I have 25 Mckenzie targets and a few of them needs repainted. I looked up the paint Mckenzie recommends on Delta target website and man is it expensive. One can 19.99, thats insane! I was wondering if anyone has any ideas for a cheaper route? Thanks for the input.


----------



## rock77 (Apr 7, 2007)

*Paint*

Exterior flat Latex seems to work ok for us.


----------



## carlosii (Feb 25, 2007)

Shot some McKenzies that had been repainted. Paint was coming off on my arrows. I'd do some checking by painting up some areas and see how it works out.


----------



## hutchies (Jun 8, 2005)

No doubt..............I shot a goat a couple years ago they had spray painted and it turned my arrow white and sticky. I was not too happy.


----------



## gotcha nock Jim (Apr 7, 2008)

I'm in the autobody business. anything you need to paint you get better adhesion with at least a light sand job, 3m makes scuff pads that works great, get em at any auto, supply that sells paint, scuff lightly, clean, prime with cheap spray can primer lightly,color closest to the color you want. then use spray can paint (wal mart even has some camo colors flat no gloss, try to stay away from $1 paint no brand ) should stick ,I agree with rock 77 on latex, but a little spray can KILZ brand primer will help adhesion.


----------



## dead eye dick (Sep 1, 2004)

go to home depot in there paint return area house paint works great and its discounted a lot after someone returns it


----------



## bowtechog70 (Sep 14, 2005)

spray paint doesnt work very good it soaks into the target and stays wet. The exterior flat latex needs to be brushed on and it works really good and can be color matched. I know this works because I did it to the first target on our course last weekend and looks really good.


----------



## Hardcor-nut (Nov 29, 2007)

Thanks for your input guys.


----------



## Sniper1 (Jun 27, 2007)

I suggest you use a semi-gloss on most McKenzies.
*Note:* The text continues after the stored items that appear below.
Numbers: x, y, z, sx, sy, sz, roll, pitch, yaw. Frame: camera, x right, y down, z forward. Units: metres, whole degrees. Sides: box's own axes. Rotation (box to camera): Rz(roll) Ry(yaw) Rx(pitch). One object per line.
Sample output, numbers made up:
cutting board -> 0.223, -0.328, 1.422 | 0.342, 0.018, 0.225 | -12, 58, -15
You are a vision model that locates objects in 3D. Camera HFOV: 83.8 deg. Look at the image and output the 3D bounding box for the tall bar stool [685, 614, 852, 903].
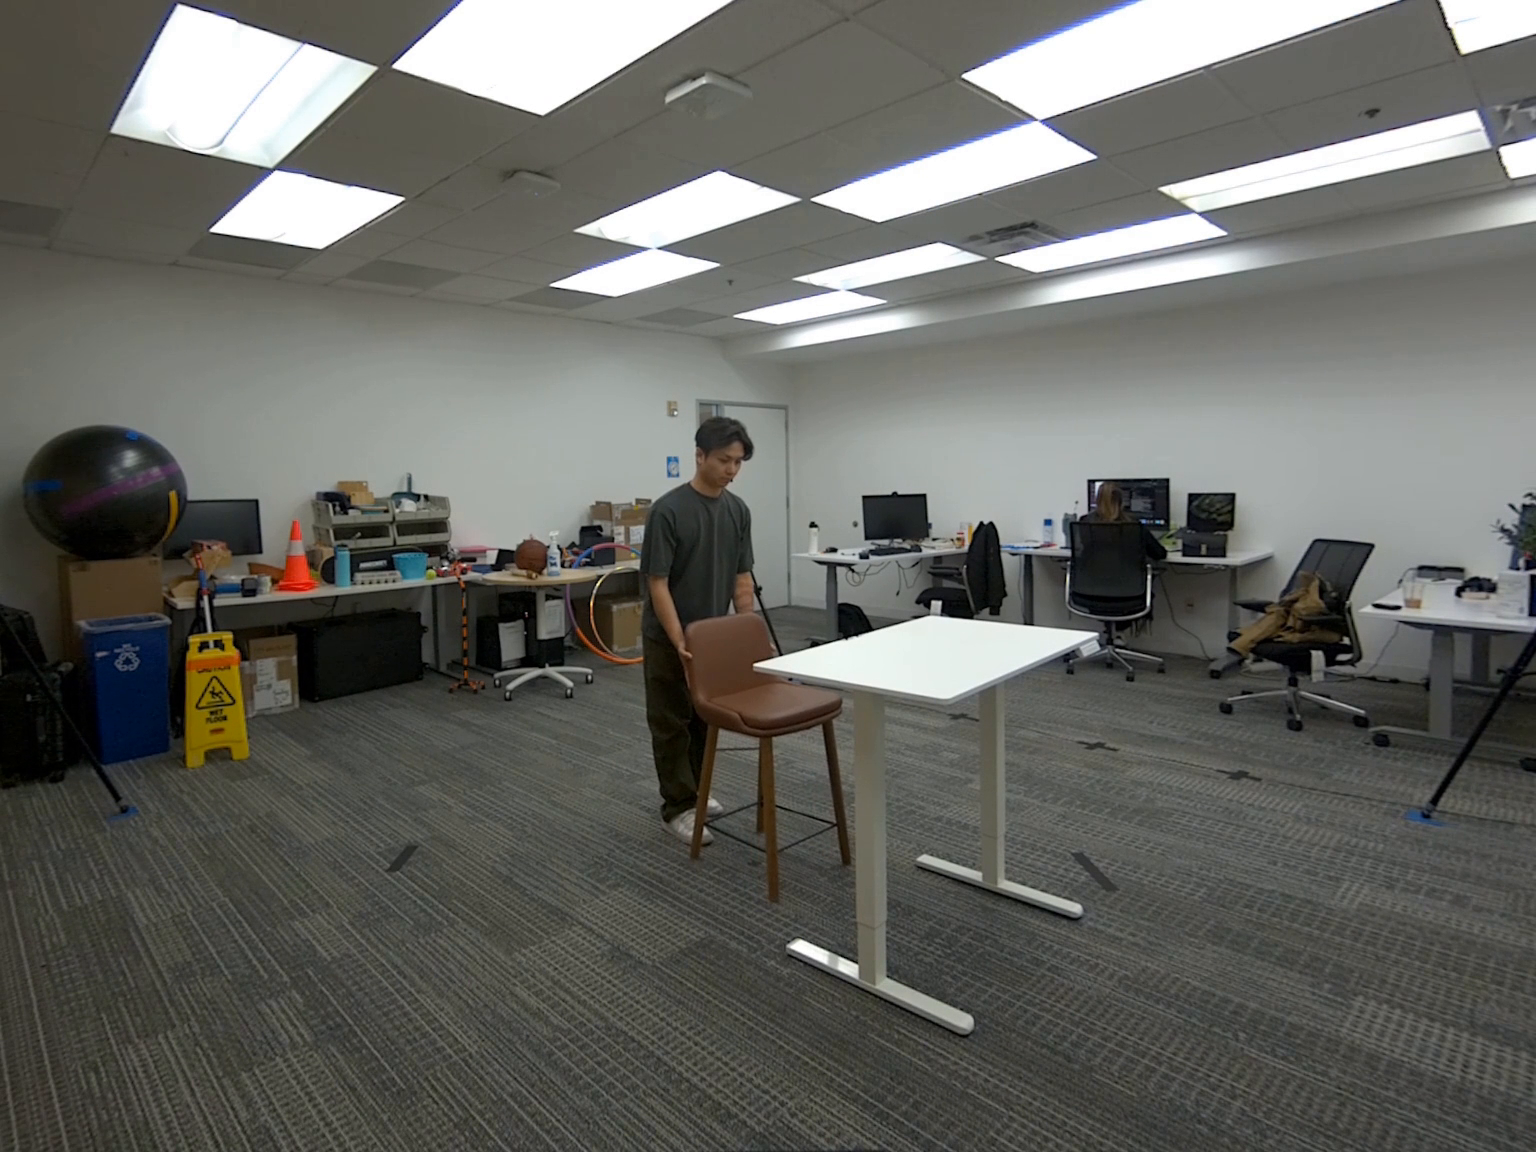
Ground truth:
tall bar stool -> -0.008, 0.607, 3.092 | 0.444, 0.888, 0.481 | -5, 4, -44
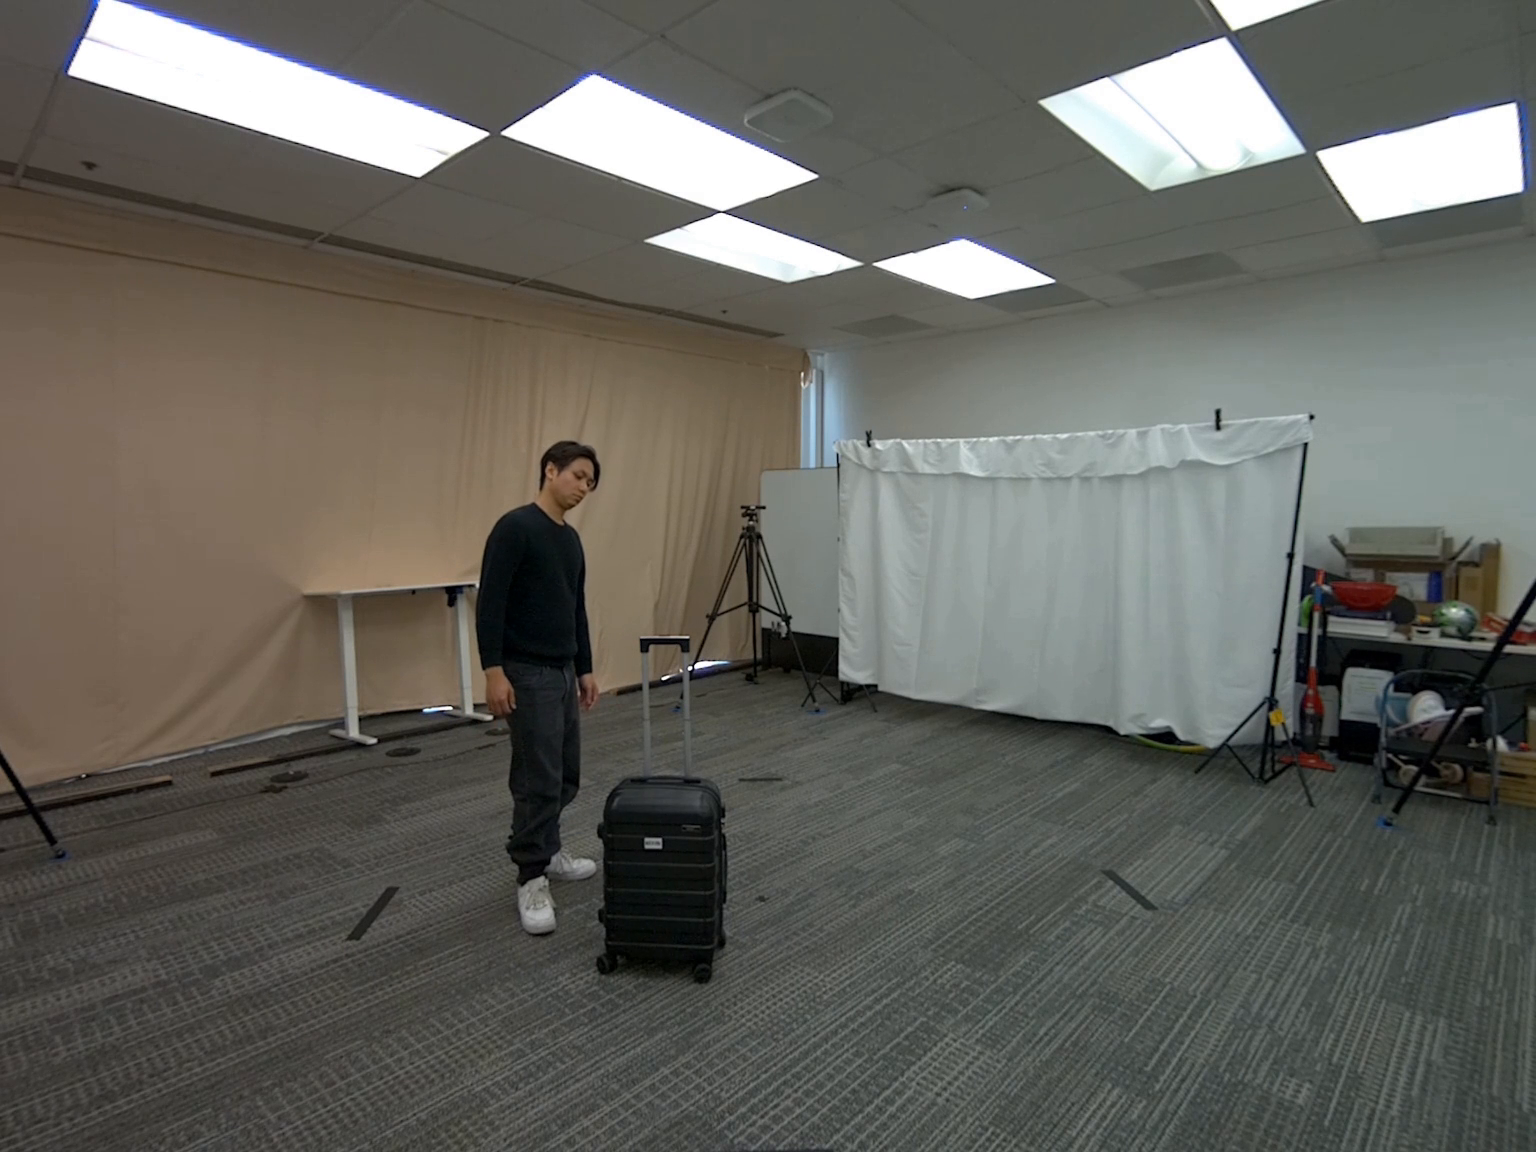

If they are older ones, the places where the finish is worn through will dry to dust fast in the heat and UV.
Color matching a quart of a decent outdoor latex, and putting it on will look great. it would be cheaper than $6 a can spray also.
ArmorAll your McKenzies after the paint dries a week or two. You should do that twice a year.


----------



## savagerebel (Nov 9, 2021)

gotcha nock Jim said:


> I'm in the autobody business. anything you need to paint you get better adhesion with at least a light sand job, 3m makes scuff pads that works great, get em at any auto, supply that sells paint, scuff lightly, clean, prime with cheap spray can primer lightly,color closest to the color you want. then use spray can paint (wal mart even has some camo colors flat no gloss, try to stay away from $1 paint no brand ) should stick ,I agree with rock 77 on latex, but a little spray can KILZ brand primer will help adhesion.
> 
> 
> 
> Grande Prairie Painters


I am wanting to touch up my 3d targets and was wondering what paint works best. I have seen some that were painted and it looked thick like it was brushed on, you know thick, and it looked great. I just don't know what it was.


----------



## John35 (May 26, 2021)

Thanks for the ideas.


----------